Source records:
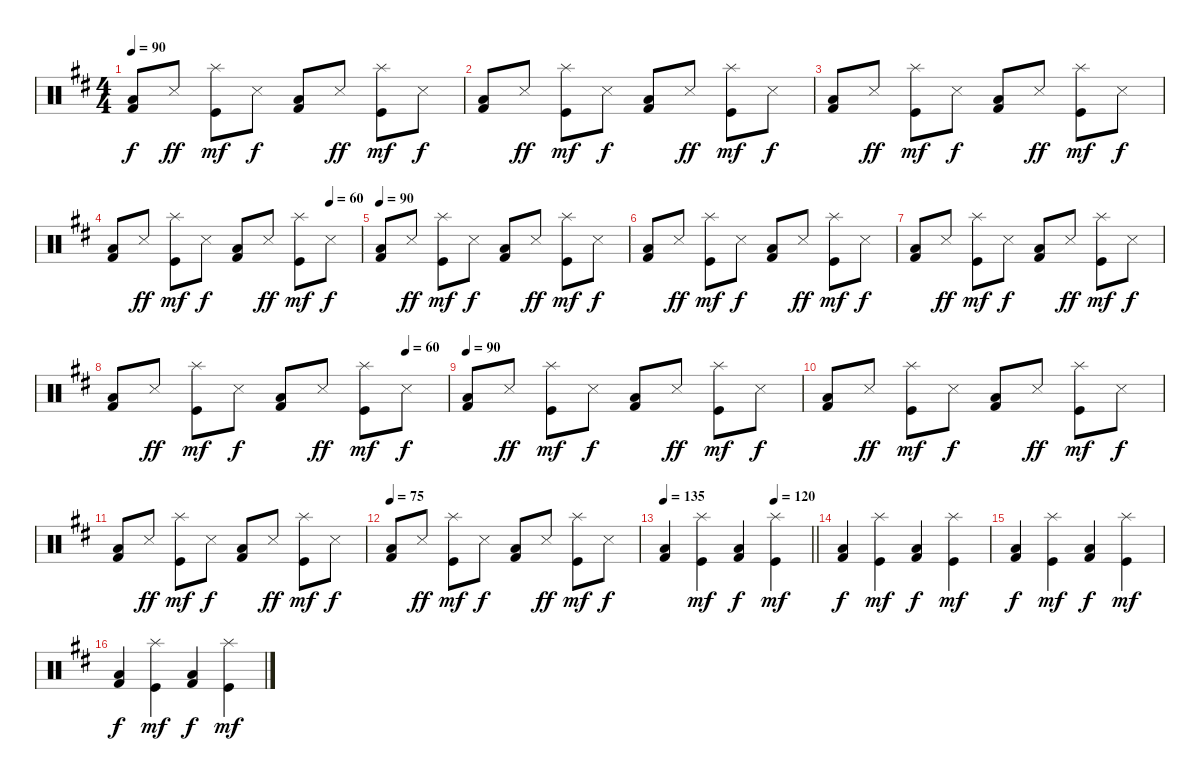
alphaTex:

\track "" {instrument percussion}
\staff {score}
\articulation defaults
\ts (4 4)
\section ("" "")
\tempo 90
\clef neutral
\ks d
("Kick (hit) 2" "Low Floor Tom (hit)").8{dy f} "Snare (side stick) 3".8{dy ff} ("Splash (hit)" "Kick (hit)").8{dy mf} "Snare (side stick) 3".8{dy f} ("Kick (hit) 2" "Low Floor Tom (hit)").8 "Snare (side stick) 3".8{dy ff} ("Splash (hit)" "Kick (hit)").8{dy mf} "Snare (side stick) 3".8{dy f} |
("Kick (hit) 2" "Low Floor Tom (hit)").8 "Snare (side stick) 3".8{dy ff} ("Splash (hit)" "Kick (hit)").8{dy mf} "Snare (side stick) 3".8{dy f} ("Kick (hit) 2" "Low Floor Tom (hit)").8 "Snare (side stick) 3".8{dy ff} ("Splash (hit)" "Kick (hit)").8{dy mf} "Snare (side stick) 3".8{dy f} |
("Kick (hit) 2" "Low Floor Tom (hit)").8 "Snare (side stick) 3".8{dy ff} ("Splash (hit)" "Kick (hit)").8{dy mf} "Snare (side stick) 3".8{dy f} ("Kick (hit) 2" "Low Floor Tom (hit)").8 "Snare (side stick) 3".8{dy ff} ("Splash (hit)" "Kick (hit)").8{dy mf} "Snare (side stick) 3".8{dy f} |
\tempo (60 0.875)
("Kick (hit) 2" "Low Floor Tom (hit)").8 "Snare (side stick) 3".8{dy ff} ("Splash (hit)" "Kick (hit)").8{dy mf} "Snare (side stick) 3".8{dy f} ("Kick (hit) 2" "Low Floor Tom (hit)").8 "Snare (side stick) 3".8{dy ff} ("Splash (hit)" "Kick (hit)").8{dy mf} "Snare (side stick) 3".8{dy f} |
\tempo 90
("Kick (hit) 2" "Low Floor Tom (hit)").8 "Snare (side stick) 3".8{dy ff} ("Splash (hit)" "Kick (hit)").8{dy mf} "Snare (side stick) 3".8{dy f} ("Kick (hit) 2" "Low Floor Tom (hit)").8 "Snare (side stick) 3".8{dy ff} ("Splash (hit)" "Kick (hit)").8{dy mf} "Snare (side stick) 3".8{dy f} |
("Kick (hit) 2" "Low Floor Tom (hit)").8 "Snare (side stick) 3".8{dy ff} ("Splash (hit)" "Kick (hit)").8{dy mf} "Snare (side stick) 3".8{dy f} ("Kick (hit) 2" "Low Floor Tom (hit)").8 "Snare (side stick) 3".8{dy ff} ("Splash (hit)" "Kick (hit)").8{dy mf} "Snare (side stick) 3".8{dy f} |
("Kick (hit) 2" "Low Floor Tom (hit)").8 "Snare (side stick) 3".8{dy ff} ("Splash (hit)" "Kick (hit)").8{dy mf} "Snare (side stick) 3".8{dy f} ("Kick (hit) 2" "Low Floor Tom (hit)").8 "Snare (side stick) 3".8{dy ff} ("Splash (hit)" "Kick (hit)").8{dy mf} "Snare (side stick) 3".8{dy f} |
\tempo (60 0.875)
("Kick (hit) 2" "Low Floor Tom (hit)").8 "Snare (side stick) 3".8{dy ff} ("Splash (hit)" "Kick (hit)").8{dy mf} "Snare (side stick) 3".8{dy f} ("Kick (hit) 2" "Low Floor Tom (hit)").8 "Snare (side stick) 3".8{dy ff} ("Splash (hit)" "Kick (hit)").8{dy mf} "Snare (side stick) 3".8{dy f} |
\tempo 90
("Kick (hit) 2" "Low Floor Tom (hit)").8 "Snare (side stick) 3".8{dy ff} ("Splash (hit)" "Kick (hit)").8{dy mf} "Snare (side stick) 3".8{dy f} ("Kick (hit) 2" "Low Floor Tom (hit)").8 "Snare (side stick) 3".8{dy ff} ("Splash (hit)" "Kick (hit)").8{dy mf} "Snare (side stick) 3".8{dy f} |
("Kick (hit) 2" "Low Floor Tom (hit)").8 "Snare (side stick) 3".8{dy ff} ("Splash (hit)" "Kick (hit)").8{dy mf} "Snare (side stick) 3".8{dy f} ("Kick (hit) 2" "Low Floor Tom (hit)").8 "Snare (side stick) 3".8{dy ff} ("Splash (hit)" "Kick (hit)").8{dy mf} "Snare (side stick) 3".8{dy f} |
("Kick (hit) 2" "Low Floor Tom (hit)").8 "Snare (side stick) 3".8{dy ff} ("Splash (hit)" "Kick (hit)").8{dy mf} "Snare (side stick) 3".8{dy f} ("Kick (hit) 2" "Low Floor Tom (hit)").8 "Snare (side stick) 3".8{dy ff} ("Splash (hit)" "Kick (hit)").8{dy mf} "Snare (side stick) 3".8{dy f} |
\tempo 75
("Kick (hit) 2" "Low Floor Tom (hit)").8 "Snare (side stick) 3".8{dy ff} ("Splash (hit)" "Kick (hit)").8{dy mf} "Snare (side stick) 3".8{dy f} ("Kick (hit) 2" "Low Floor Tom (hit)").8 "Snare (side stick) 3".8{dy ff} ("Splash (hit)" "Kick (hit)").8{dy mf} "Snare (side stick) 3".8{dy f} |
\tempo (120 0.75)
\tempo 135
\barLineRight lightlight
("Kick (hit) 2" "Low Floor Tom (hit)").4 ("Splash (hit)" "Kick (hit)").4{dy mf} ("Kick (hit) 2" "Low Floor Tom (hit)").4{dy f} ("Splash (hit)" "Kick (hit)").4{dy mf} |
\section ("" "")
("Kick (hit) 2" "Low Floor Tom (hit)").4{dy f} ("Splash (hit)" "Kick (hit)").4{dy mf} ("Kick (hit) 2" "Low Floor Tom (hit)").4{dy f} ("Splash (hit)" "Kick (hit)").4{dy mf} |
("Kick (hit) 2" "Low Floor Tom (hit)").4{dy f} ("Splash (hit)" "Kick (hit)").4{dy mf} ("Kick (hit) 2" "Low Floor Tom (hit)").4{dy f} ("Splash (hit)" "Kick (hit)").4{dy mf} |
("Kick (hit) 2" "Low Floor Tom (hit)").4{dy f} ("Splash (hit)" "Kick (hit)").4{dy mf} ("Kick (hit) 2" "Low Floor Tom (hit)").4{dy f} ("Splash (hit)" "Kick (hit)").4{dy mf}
---
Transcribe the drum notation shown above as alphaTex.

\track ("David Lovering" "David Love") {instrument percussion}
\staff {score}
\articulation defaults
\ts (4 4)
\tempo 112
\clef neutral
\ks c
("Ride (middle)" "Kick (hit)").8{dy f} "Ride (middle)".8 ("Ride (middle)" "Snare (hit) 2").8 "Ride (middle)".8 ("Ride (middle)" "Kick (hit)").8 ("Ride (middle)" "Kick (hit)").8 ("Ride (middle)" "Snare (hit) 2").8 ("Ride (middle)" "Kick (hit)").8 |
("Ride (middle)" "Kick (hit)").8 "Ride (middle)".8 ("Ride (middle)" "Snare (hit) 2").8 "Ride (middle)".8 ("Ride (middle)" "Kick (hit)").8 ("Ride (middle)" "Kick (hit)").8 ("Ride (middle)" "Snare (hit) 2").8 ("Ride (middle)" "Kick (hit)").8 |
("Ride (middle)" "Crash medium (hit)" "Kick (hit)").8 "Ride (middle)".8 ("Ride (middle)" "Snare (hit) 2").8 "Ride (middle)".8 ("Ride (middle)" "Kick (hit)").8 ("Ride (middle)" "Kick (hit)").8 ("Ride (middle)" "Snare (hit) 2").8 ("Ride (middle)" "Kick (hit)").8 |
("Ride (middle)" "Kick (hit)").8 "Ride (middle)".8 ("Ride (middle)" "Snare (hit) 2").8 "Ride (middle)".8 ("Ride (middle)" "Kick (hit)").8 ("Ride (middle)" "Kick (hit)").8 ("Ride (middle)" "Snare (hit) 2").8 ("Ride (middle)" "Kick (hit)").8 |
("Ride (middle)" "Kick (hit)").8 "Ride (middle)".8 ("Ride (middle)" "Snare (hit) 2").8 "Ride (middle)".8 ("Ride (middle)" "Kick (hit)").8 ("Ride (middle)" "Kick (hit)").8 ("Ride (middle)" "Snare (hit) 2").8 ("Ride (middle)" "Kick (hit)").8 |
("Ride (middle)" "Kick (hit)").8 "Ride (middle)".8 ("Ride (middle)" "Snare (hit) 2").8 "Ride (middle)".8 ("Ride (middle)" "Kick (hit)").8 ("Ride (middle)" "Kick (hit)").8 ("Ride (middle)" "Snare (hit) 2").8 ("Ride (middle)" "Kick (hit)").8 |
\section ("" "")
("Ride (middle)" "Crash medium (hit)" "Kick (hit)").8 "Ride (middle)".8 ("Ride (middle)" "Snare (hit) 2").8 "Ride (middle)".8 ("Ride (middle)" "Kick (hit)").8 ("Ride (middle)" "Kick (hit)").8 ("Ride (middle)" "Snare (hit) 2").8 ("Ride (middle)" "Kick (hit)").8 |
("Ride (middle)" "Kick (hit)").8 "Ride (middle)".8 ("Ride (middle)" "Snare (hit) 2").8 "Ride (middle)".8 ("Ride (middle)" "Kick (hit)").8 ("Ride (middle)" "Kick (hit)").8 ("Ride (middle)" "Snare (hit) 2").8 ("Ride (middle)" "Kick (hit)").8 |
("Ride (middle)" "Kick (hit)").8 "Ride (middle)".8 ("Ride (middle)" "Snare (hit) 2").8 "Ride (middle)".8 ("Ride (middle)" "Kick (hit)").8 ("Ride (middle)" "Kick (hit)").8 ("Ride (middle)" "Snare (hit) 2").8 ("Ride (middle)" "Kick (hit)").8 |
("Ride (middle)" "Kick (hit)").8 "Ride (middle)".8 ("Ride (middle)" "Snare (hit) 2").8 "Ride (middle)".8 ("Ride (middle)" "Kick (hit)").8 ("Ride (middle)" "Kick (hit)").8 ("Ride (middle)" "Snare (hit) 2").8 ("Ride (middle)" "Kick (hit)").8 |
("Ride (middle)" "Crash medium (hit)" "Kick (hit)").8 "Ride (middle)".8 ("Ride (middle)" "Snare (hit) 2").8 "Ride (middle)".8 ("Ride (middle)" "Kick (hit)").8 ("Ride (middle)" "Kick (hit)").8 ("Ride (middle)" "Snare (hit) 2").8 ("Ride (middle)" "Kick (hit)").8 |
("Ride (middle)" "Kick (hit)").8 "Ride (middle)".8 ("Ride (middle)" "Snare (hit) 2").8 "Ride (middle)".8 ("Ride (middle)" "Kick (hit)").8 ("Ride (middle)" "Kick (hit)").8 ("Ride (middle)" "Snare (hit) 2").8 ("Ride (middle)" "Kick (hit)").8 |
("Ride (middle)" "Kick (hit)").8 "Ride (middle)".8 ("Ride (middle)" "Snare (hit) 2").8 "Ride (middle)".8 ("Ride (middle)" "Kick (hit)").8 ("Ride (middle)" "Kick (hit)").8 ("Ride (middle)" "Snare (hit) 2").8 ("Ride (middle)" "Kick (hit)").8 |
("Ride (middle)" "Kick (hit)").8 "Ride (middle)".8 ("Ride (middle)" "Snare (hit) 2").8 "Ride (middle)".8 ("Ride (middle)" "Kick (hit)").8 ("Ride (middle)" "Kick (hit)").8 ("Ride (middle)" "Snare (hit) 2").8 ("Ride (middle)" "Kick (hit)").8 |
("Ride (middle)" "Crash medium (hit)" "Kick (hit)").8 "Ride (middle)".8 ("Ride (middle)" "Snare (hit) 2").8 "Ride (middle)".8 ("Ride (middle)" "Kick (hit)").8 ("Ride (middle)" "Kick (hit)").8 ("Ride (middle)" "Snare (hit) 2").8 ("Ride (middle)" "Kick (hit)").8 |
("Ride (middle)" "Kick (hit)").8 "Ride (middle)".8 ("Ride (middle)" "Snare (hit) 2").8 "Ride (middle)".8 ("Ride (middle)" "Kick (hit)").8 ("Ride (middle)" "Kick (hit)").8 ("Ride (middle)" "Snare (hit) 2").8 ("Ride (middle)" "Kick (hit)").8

- **EXERCISE GOAL**: For every line above that includes the string "alphaTex", copy the line.

- **RESULT OF THE TASK**:
alphaTex:
Transcribe the drum notation shown above as alphaTex.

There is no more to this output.